# Batterys for multiple engine consist.



## dpotp (May 25, 2011)

I am helping a friend building his garden layout. The question came up on how many batteries he will need for his USA trains F3 ABA lash up and do we need a receiver in each engine or can we use just one and MU them all together?


----------



## Tom Parkins (Jan 2, 2008)

I have trailing battery cars. It makes no difference in the number of batteries if I use 1 or 2 engines. I typically use two 9.6v 3800 mah NiMH batteries in series. Obviously the batteries will drain faster with 2 engines than one. Since I am using a trailing battery car it only requires one receiver.


----------



## dpotp (May 25, 2011)

What is the maximum voltage that we should be using?


----------



## East Broad Top (Dec 29, 2007)

Depends on how fast you want to go. With diesels (particularly an A-B-A lash-up), I'd probably be looking at 18 volts or so, as folks tend to run them pretty fast. Run the loco on track power at the fastest speed you foresee yourself running the train (with a string of cars behind), measure the voltage, and shoot for that mark. 

Later, 

K


----------



## Greg Elmassian (Jan 3, 2008)

USAT locos will be fine at 18, they are pretty fast, but again how fast do you want to run them, freight speeds or passenger speeds. 

For the same consist of cars, there's little difference in current consumption between 1 loco and 2 locos... 2 locos pulling the same load will draw about 1/2 the current the single loco will. 

How long a train and passenger or freight. I have about 10 of these, so pretty familiar with this exact issue. 

Greg


----------



## dpotp (May 25, 2011)

We will run about 10-12 freight and 6-7 pass.
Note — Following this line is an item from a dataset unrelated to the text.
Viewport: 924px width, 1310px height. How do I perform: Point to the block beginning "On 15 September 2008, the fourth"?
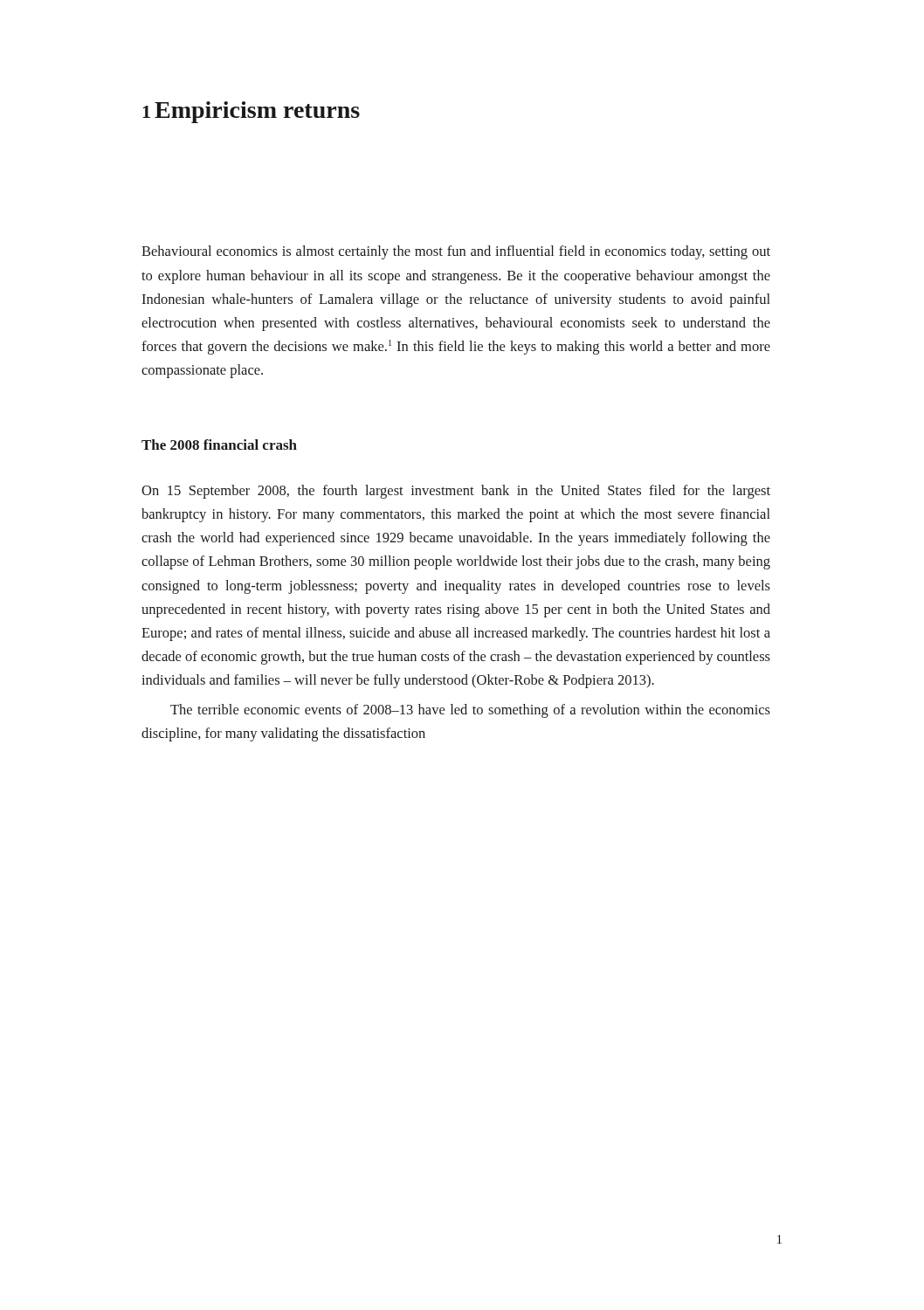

What is the max voltage for an Aristo caboose with lights and smoke using batterys.


----------



## Dick413 (Jan 7, 2008)

what are you using for RC ? if airwire they say use 14.8 and with those few cars I'd make the b a dummy then two drop in's with two 14.8 bat.


----------



## dpotp (May 25, 2011)

We are using Aristo T.E.


----------



## Bill Swindell (Jan 2, 2008)

14.4 volt batteries run USA engines very nicely. The number of receivers depends on which receivers you choose. I use AirWire and put one receiver in each A unit. I them run motor wires from one A unit into the following B unit. I tend to go on the heavy side for batteries. I use 10AH batteries in each of the 3 engines and tie them together using a diode in each battery pack to isolate them from each other. The receivers run from this common battery pool.


----------



## Greg Elmassian (Jan 3, 2008)

Wow Bill, I guess those babies can run forever! Do you run long trains and/or have hefty grades? 

Greg


----------